Authority: IC § 6-2.5-1-1 et seq.; IC § 6-2.5-3-4; IC § 6-2.5-5-30; IC § 6-8.1-5-1; 45 IAC 2.2-4-1; 45 IAC 2.2-5-8; 45 IAC 2.2-5-70; 326 IAC 20-1-1 et seq.; Lafayette Square Amoco, Inc. v. Indiana Dep't of State Revenue, 867 N.E.2d 289 (Ind. Tax Ct. 2007); Indiana Dep't of State Revenue v. RCA Corp., 310 N.E.2d 96 (Ind. Ct. App. 1974).
Taxpayer protests the imposition of use tax on its purchases of tangible personal property.
II. Sales and Use Tax – Imposition – Lump Sum Contracts.
Authority: IC § 6-2.5-3-2; IC § 6-2.5-4-1; IC § 6-8.1-5-1; 45 IAC 2.2-3-4; 45 IAC 2.2-4-1; 45 IAC 2.2-4-21; 45 IAC 2.2-4-22; 45 IAC 2.2-4-23; 45 IAC 2.2-4-26; 50 IAC 4.2-4-10; Sales Tax Information Bulletin 60 (July 2006).
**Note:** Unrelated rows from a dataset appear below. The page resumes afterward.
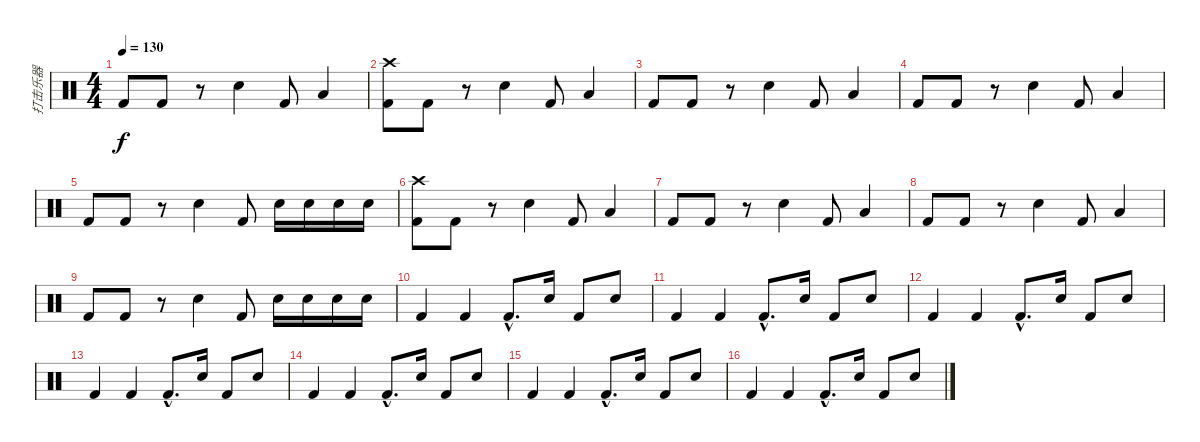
\track ("打击乐器" "打击乐器") {instrument percussion}
\staff {score}
\articulation defaults
\ts (4 4)
\tempo 130
\clef neutral
\ks c "Kick (hit) 2".8{dy f} "Kick (hit) 2".8
r.8 "Snare (hit) 2".4 "Kick (hit) 2".8 "Low Floor Tom (hit)".4 |
("Crash high (hit)" "Kick (hit) 2").8 "Kick (hit) 2".8 r.8 "Snare (hit) 2".4 "Kick (hit) 2".8 "Low Floor Tom (hit)".4 |
"Kick (hit) 2".8 "Kick (hit) 2".8 r.8 "Snare (hit) 2".4 "Kick (hit) 2".8 "Low Floor Tom (hit)".4 |
"Kick (hit) 2".8 "Kick (hit) 2".8 r.8 "Snare (hit) 2".4 "Kick (hit) 2".8 "Low Floor Tom (hit)".4 |
"Kick (hit) 2".8 "Kick (hit) 2".8 r.8 "Snare (hit) 2".4 "Kick (hit) 2".8 "Snare (hit) 2".16 "Snare (hit) 2".16 "Snare (hit) 2".16 "Snare (hit) 2".16 |
("Crash high (hit)" "Kick (hit) 2").8 "Kick (hit) 2".8 r.8 "Snare (hit) 2".4 "Kick (hit) 2".8 "Low Floor Tom (hit)".4 |
"Kick (hit) 2".8 "Kick (hit) 2".8 r.8 "Snare (hit) 2".4 "Kick (hit) 2".8 "Low Floor Tom (hit)".4 |
"Kick (hit) 2".8 "Kick (hit) 2".8 r.8 "Snare (hit) 2".4 "Kick (hit) 2".8 "Low Floor Tom (hit)".4 |
"Kick (hit) 2".8 "Kick (hit) 2".8 r.8 "Snare (hit) 2".4 "Kick (hit) 2".8 "Snare (hit) 2".16 "Snare (hit) 2".16 "Snare (hit) 2".16 "Snare (hit) 2".16 |
"Kick (hit) 2".4 "Kick (hit) 2".4 "Kick (hit) 2"{hac}.8{d} "Snare (hit) 2".16 "Kick (hit) 2".8 "Snare (hit) 2".8 |
"Kick (hit) 2".4 "Kick (hit) 2".4 "Kick (hit) 2"{hac}.8{d} "Snare (hit) 2".16 "Kick (hit) 2".8 "Snare (hit) 2".8 |
"Kick (hit) 2".4 "Kick (hit) 2".4 "Kick (hit) 2"{hac}.8{d} "Snare (hit) 2".16 "Kick (hit) 2".8 "Snare (hit) 2".8 |
"Kick (hit) 2".4 "Kick (hit) 2".4 "Kick (hit) 2"{hac}.8{d} "Snare (hit) 2".16 "Kick (hit) 2".8 "Snare (hit) 2".8 |
"Kick (hit) 2".4 "Kick (hit) 2".4 "Kick (hit) 2"{hac}.8{d} "Snare (hit) 2".16 "Kick (hit) 2".8 "Snare (hit) 2".8 |
"Kick (hit) 2".4 "Kick (hit) 2".4 "Kick (hit) 2"{hac}.8{d} "Snare (hit) 2".16 "Kick (hit) 2".8 "Snare (hit) 2".8 |
"Kick (hit) 2".4 "Kick (hit) 2".4 "Kick (hit) 2"{hac}.8{d} "Snare (hit) 2".16 "Kick (hit) 2".8 "Snare (hit) 2".8

Taxpayer protests the imposition of use tax on its purchases of tangible personal property.
III. Tax Administration – Negligence Penalty.
Authority: IC § 6-8.1-10-2.1; 45 IAC 15-11-2.
Taxpayer protests the imposition of the ten percent negligence penalty.
STATEMENT OF FACTS
Taxpayer is an out-of-state refiner and manufacturer of metal. Taxpayer operates a smelting facility in Indiana which processes and refines metal products. Pursuant to an audit, the Indiana Department of Revenue ("Department") determined that Taxpayer did not pay sales tax or did not self-assess and remit the use tax to the Department on its purchases. As a result, the Department's audit assessed additional use tax, interest, and penalty.
Taxpayer protests the imposition of use tax and negligence penalty. Specifically, Taxpayer claimed that it purchased several items to comply with the federal and state environmental quality control requirements and should be exempt from sales/use tax. Taxpayer also claimed that some of the purchases related to lump sum contracts for improvements to realty. An administrative hearing was conducted during which Taxpayer's representatives explained the basis for the protest. This Letter of Findings results. Additional facts will be provided as necessary.
I. Sales and Use Tax – Imposition – Environmental Quality Control Exemptions.
DISCUSSION
The Department's audit assessed use tax on three items: (1) a Plenum Baghouse Conveyor, (2) a Dust Collection Fan, and (3) an IPC 5300 DV Analytical Spectrograph. Taxpayer protests that those purchases were used to comply with the federal and state environmental quality control requirements and, thus, those purchases were exempt from sales/use tax.
As a threshold issue, all tax assessments are prima facie evidence that the Department's claim for the unpaid tax is valid; the taxpayer bears the burden of proving that any assessment is incorrect. IC § 6-8.1-5-1(c); Lafayette Square Amoco, Inc. v. Indiana Dep't of State Revenue, 867 N.E.2d 289, 292 (Ind. Tax Ct. 2007).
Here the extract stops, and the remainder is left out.